__Problem__:
For the word "trailing", state how many lines of the listing below contain it. Give the number and nothing more.

__Extracted records__:
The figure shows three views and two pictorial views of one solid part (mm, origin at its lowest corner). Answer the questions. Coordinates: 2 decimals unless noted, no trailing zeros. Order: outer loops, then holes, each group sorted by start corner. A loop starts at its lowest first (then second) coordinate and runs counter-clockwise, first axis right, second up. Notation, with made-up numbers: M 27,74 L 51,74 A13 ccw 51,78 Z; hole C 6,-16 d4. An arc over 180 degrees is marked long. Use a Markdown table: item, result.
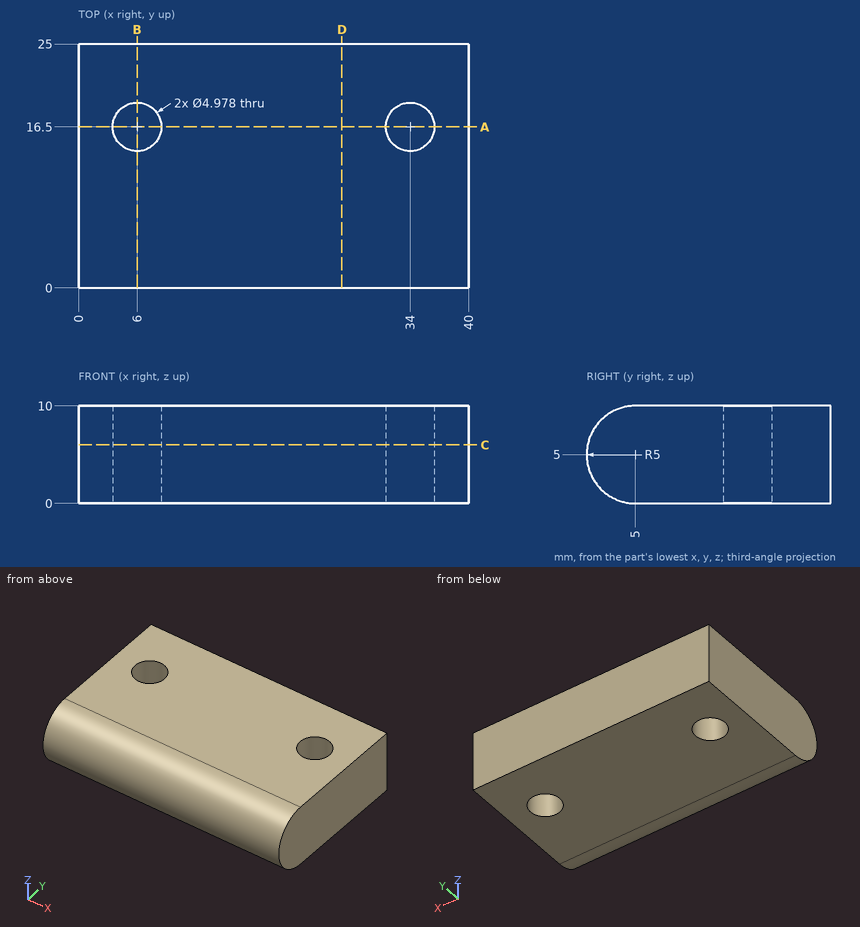
1. Find the intervals of material crossed by probe 1 along X at (y, z) = (17, 4.25); probe 2 along X at (y, z) = (16.75, 4.5); probe 3 along Y at (x, z) = (32.5, 3.75) (1 decimal), in increasing order.
Answers below:
| item | result |
|---|---|
| probe 1 | 0 to 3.56, 8.44 to 31.56, 36.44 to 40 |
| probe 2 | 0 to 3.52, 8.48 to 31.52, 36.48 to 40 |
| probe 3 | 0.2 to 14.5, 18.5 to 25 |
2. Section B-B on x = 6 is taken. Determine the outline of the cut face in (y, z).
Answers below:
| item | result |
|---|---|
| outline | M 5,0 L 14.01,0 L 14.01,10 L 5,10 A5 ccw Z; M 18.99,0 L 25,0 L 25,10 L 18.99,10 Z |
3. A flat-ended cylindrical pin translates along its axis: P1, Ø4, axis at x = 34, y = 16.5, coming from the -Z side. Find the tip coordinate at first contact, or state that the pin passes through.
Answers below:
| item | result |
|---|---|
| P1 | through |
4. Section D-D on x = 27 is taken. Determine the outline of the cut face in (y, z), then the cut area to 3 significant figures.
Answers below:
| item | result |
|---|---|
| outline | M 5,0 L 25,0 L 25,10 L 5,10 A5 ccw Z |
| area | 239 mm² |
5. Section C-C on z = 6 is taken. Determine the outline of the cut face in (x, y), then the cut area to 3 significant figures.
Answers below:
| item | result |
|---|---|
| outline | M 0,0.1 L 40,0.1 L 40,25 L 0,25 Z; hole C 6,16.5 d4.98; hole C 34,16.5 d4.98 |
| area | 957 mm² |
6. Section A-A on y = 16.5 is taken. Determine the outline of the cut face in (x, z).
Answers below:
| item | result |
|---|---|
| outline | M 0,0 L 3.51,0 L 3.51,10 L 0,10 Z; M 8.49,0 L 31.51,0 L 31.51,10 L 8.49,10 Z; M 36.49,0 L 40,0 L 40,10 L 36.49,10 Z |
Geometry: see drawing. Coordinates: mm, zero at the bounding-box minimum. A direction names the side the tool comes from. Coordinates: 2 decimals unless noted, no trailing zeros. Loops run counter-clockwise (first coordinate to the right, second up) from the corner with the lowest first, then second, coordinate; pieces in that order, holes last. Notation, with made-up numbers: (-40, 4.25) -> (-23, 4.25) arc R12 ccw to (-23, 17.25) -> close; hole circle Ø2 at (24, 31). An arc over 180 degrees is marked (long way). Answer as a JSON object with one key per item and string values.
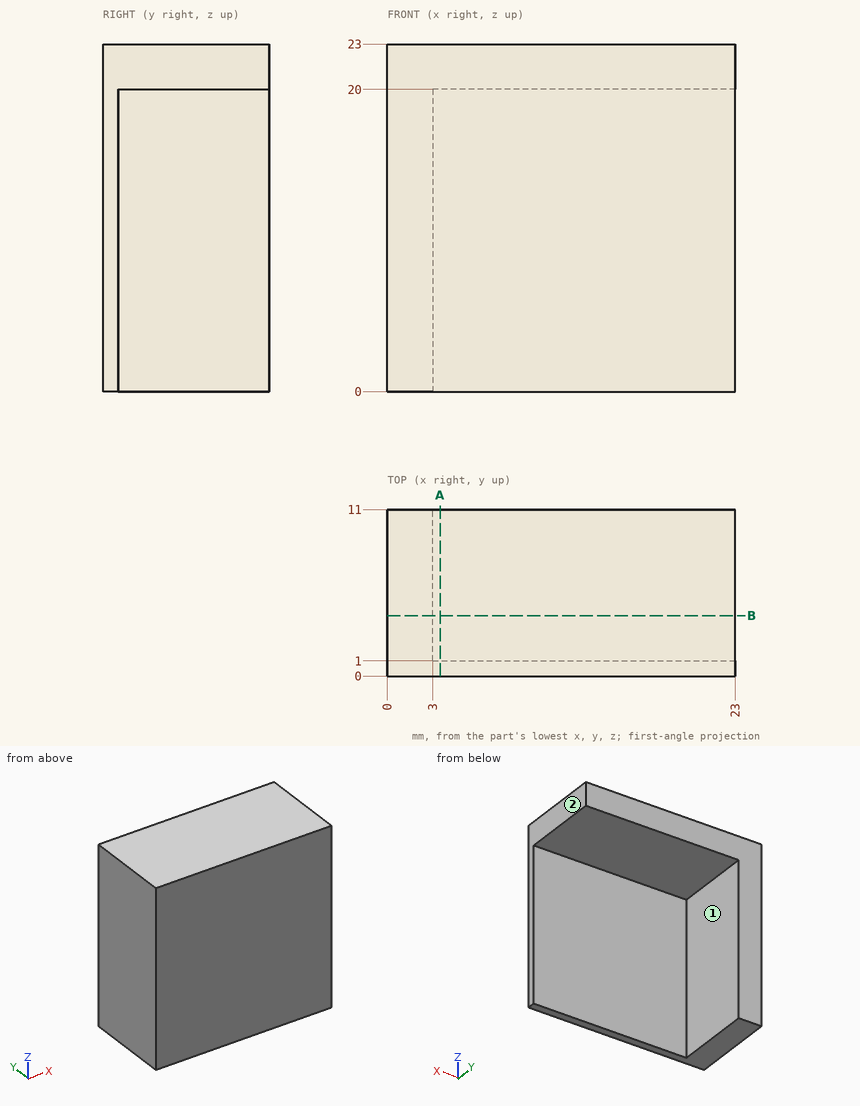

__Written reply__:
2